The most effective thing I’ve found in recent years is to start early. Get a running start on your resolutions. Once you know what resolutions you want to make next year, you can begin them a few weeks early, and get ahead on your schedule.

Inevitably, life swallows up our time, we get behind, and that feeling of being behind schedule makes the challenge all the more difficult. If you miss a week of Bible reading because your work schedule went crazy, your kids got sick, or you simply let a few days build up, you feel like you’ve got a mountain of make-up work to do.

By starting early, you give yourself a grace-filled cushion. For instance, three weeks of a head-start on a daily Bible reading plan means 21 days of “grace” for the next year. Miss a day, no big deal. Miss a day or two a month and you’re still essentially on schedule.
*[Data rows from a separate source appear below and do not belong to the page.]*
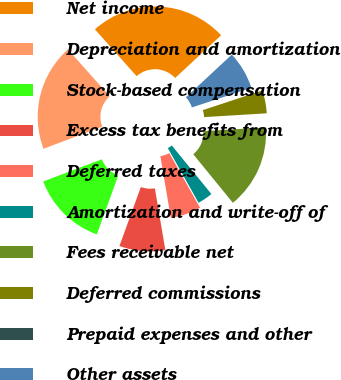Convert chart. <chart><loc_0><loc_0><loc_500><loc_500><pie_chart><fcel>Net income<fcel>Depreciation and amortization<fcel>Stock-based compensation<fcel>Excess tax benefits from<fcel>Deferred taxes<fcel>Amortization and write-off of<fcel>Fees receivable net<fcel>Deferred commissions<fcel>Prepaid expenses and other<fcel>Other assets<nl><fcel>24.66%<fcel>19.18%<fcel>13.7%<fcel>8.22%<fcel>5.48%<fcel>2.74%<fcel>15.07%<fcel>4.11%<fcel>0.0%<fcel>6.85%<nl></chart> 
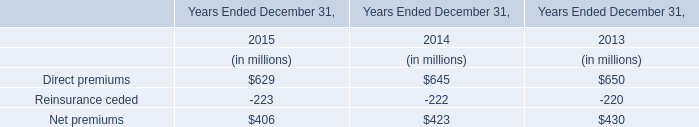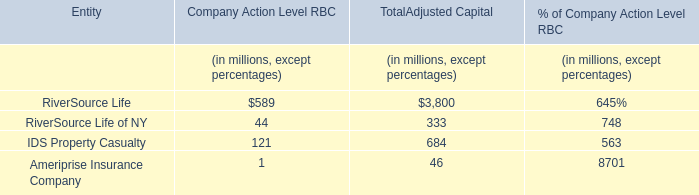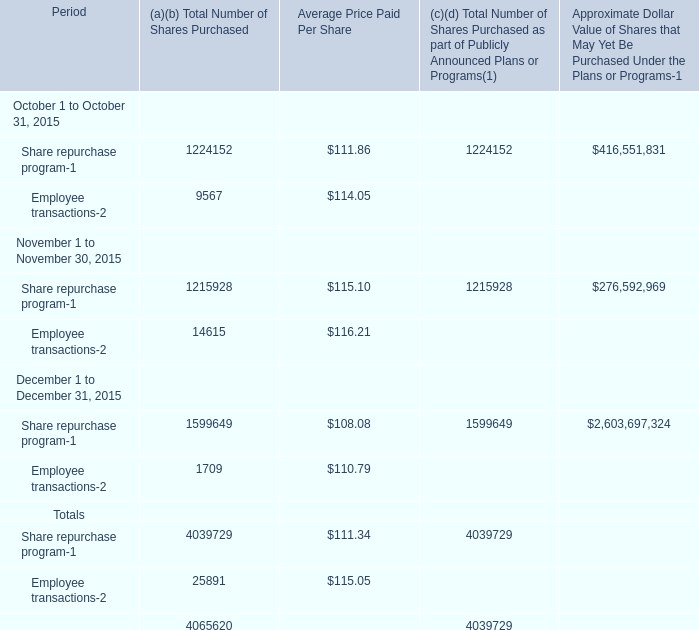What month in the Fourth Quarter is Total Number of Shares Purchased for Share repurchase program the most? 
Answer: 12. 
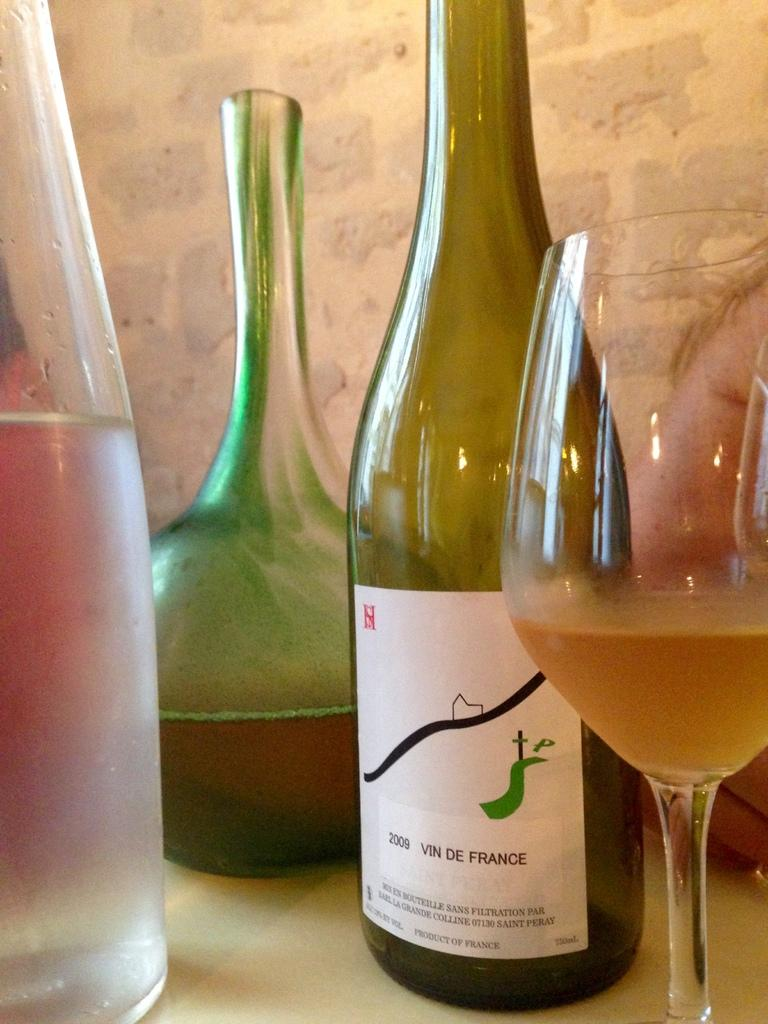What objects in the image are related to beverages? There are bottles and a glass with some drink in it. Can you describe the glass with a drink in more detail? The glass has some drink in it, but the specific type of drink is not mentioned in the facts. How many cows are visible in the image? There are no cows present in the image. 
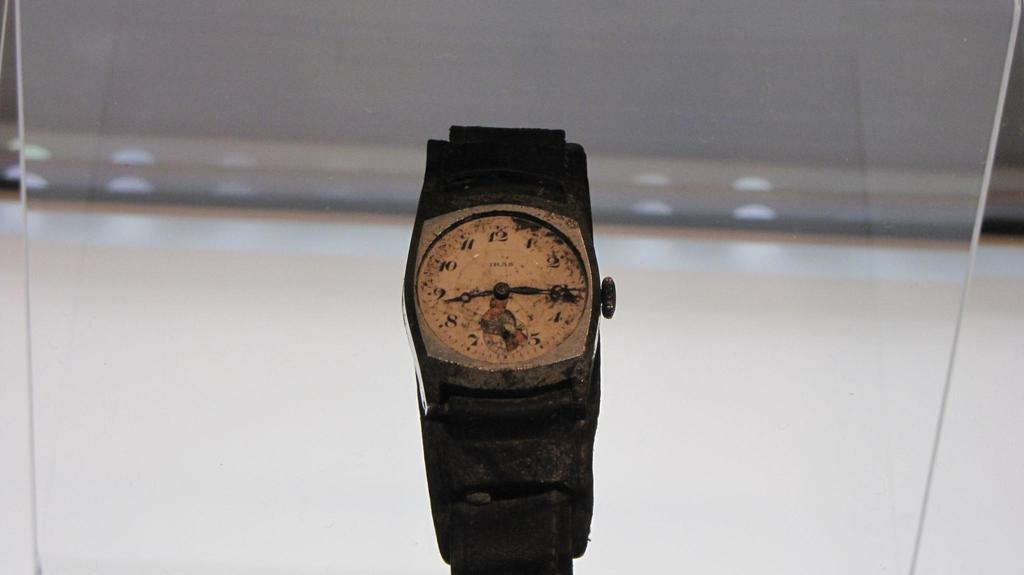Provide a one-sentence caption for the provided image. A very old wristwatch, with the brand name IRAS, sits in a display case. 
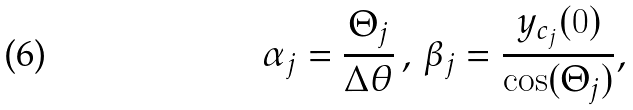<formula> <loc_0><loc_0><loc_500><loc_500>\alpha _ { j } = \frac { \Theta _ { j } } { \Delta \theta } \, , \, \beta _ { j } = \frac { y _ { c _ { j } } ( 0 ) } { \cos ( \Theta _ { j } ) } ,</formula> 
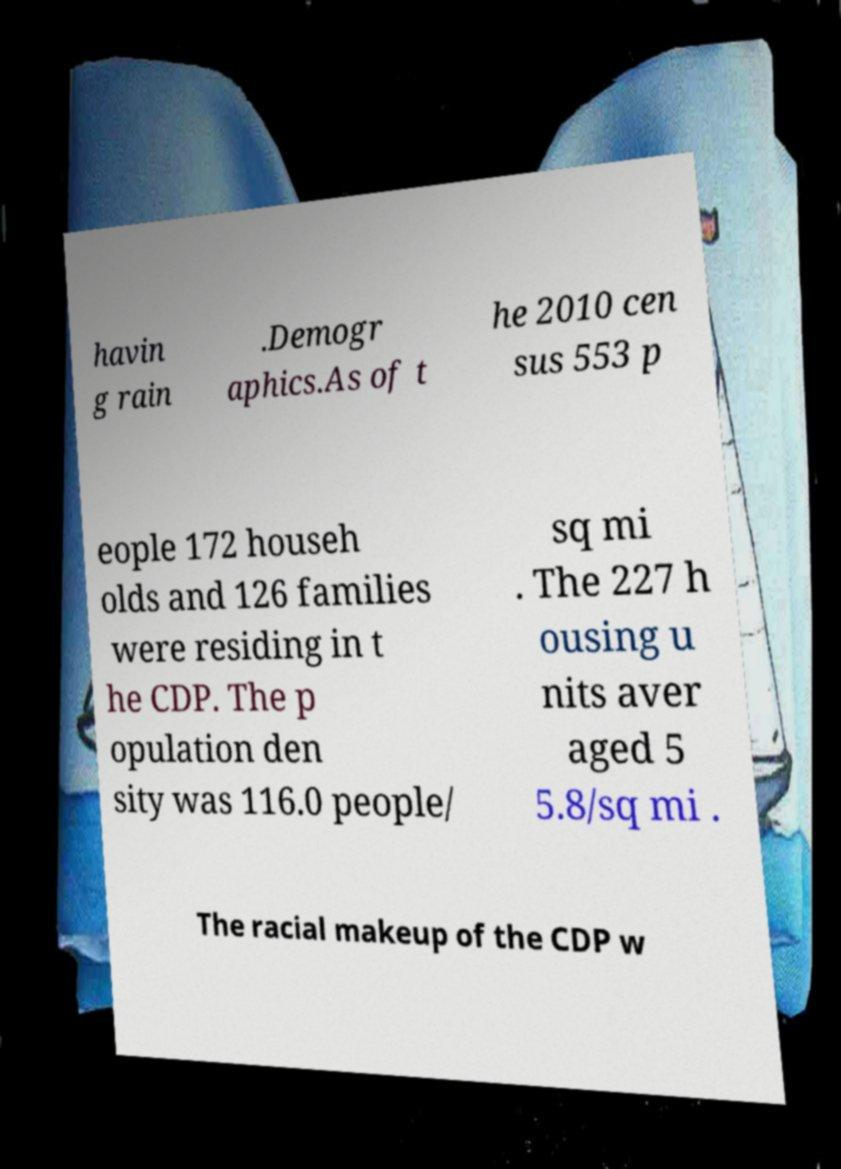I need the written content from this picture converted into text. Can you do that? havin g rain .Demogr aphics.As of t he 2010 cen sus 553 p eople 172 househ olds and 126 families were residing in t he CDP. The p opulation den sity was 116.0 people/ sq mi . The 227 h ousing u nits aver aged 5 5.8/sq mi . The racial makeup of the CDP w

So start early—-especially if you’re starting from scratch.

Be Accountable

Make your resolutions known to close friends. Tell them your motivations, and recruit their help in keeping you on target. I’m personally not a big fan of using social media for this sort of thing, but you may find it works.

Give your friends permission to ask questions and call you out when you’re drifting from your vision, and keep them in the loop when you reach milestones, so you can celebrate together.

As I said at the beginning, there’s nothing particularly biblical about these kinds of resolutions. Some saints, like Jonathan Edwards, famously lived by resolutions. His were a series of questions and vision statements that guided his life. The missionary Frank Laubach famously resolved to remember the Lord constantly, and played his “Game with Minutes” in order to do so.

We can’t manipulate the way that God sanctifies us. But we can put ourselves in a place where we’re immersed in Scripture, where we’re seeking to be better able to love and serve others, and where we’re putting to death and replacing bad habits. As the new calendar year comes around, it’s a great chance to make a commitment to these ends. So seize the opportunity; take an inventory of how you’d like to see yourself grow this year; and take simple, practical steps to help make it happen.